Same Same...but Different!!
It’s a different world. Two weeks after coming back from China, I'm still speaking English without any prepositions and articles. I reckon I’ll hate noodles for some months now. I don’t give a disgusting look now to see people eating anything that crawls (snakes, lizards, cockroaches!!). But I am slightly jealous. No matter what anyone tells you about the latest microchip invented by Intel — size does matter. Let's stop fooling ourselves — as of now, the Chinese Dragon is bigger, better and smarter than the Indian Tiger. I’m sure that must be the motivation behind my purchase of a Chinese shirt with big dragon embroidery over it. Shanghai doesn’t look like a city of an emerging economy but a developed country.
China will stop at nothing to prove a point to the watching world after Beijing Olympics 2008 and a run up to Shanghai World Expo 2010. And we won't need fortune cookies to tell us what China has in mind outside the sports arena. Simply put: China is all set to dominate the world. The new aggressive mood is most evident in Shanghai, which is bursting with frenzied construction activities that literally takes one's breath away — a thick pollution haze hangs over the city, but nobody minds. It's all for a good cause. In a meeting with Austrade officer, he showed us the two pictures of Shanghai, 25 years apart. We could only imagine how the entire forests must have been razed to change the color of the city from green to multi-color. There is now everything from stadiums, hotels, pools, bridges, underpasses, super-luxury hotels with not a beggar in sight. The priciest designer brands from US and Europe have set up their shops and can't keep up with the demand. If anybody is complaining, you certainly don't hear it. Yes, the counterfeit markets have been moved out of the city centre, but we certainly don’t care the location. Young girls dance fearlessly in the infamous KTVs wearing T-shirts that declare: 'Let's go out tonight and get laid'. The cops look the other way.

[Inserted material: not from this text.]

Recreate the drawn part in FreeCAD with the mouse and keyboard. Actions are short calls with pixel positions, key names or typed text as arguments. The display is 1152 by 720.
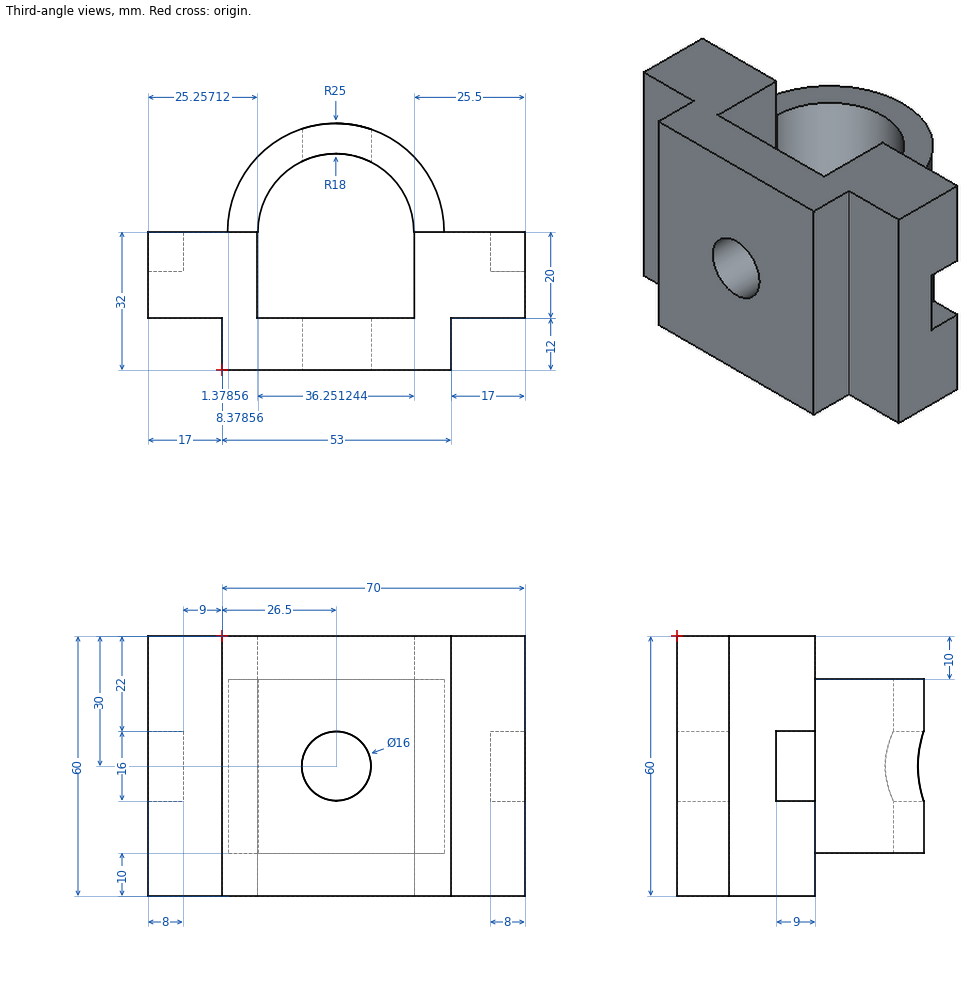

In fact, that is a Chinese specialty. Everybody is trained to look the other way. Locals insist the massacre at Tiananmen Square never happened. It's all a part of Western propaganda. I took a cab at a busy crossing to go to my hotel. I sat in the car and asked him to drop me at Motel 168. No answer. I tried repeating the name of the place without any other English words so that he may comprehend better. He would not utter a word and just sit silently in his driver’s seat. Must mention, his face looking the other way. He is eating an apple; least bothered about what is going through me or what would I do now. It took me literally 10 minutes of continuous shouting – “Does anyone know English?” - on that busy Shanghai street to get his taxi moving. I never went out of my hotel without my destinations written in Chinese characters on a piece of paper.
As my Chinese flat mates tell me, since there is zero access to the real world and a tightly controlled media that stresses on personal sacrifice, discipline, progress, the young don't know they're supposed to be rebellious and raise their voices like their counterparts everywhere else in the free world. Chairman Mao is still worshipped. I didn’t get the chance to see but my flat mates tell me that his body is still preserved and available for public viewing in Beijing. Despite that, one is pleasantly surprised to see familiar symbols of ostentation as Prada and Gucci billboards compete with Nicole Kidman wearing a luxury watch. Sure, China is bizarre and contradictory. While cynical expats laugh at cultural absurdities, young Chinese go about their slightly ambivalent existence in a state of denial. A German lady I met who teaches English in Beijing said, "Nobody wants to confront the truth. The young don't want to deal with communism... there is much confusion about values."
But in the Olympics 2008, Dragon has proved to the world that scale equals power. Do Indians need to worry? My Chinese takeaway from the trip: ‘Let's face it. We can't march to Beijing and they can't march to Delhi.’ Confucius should agree!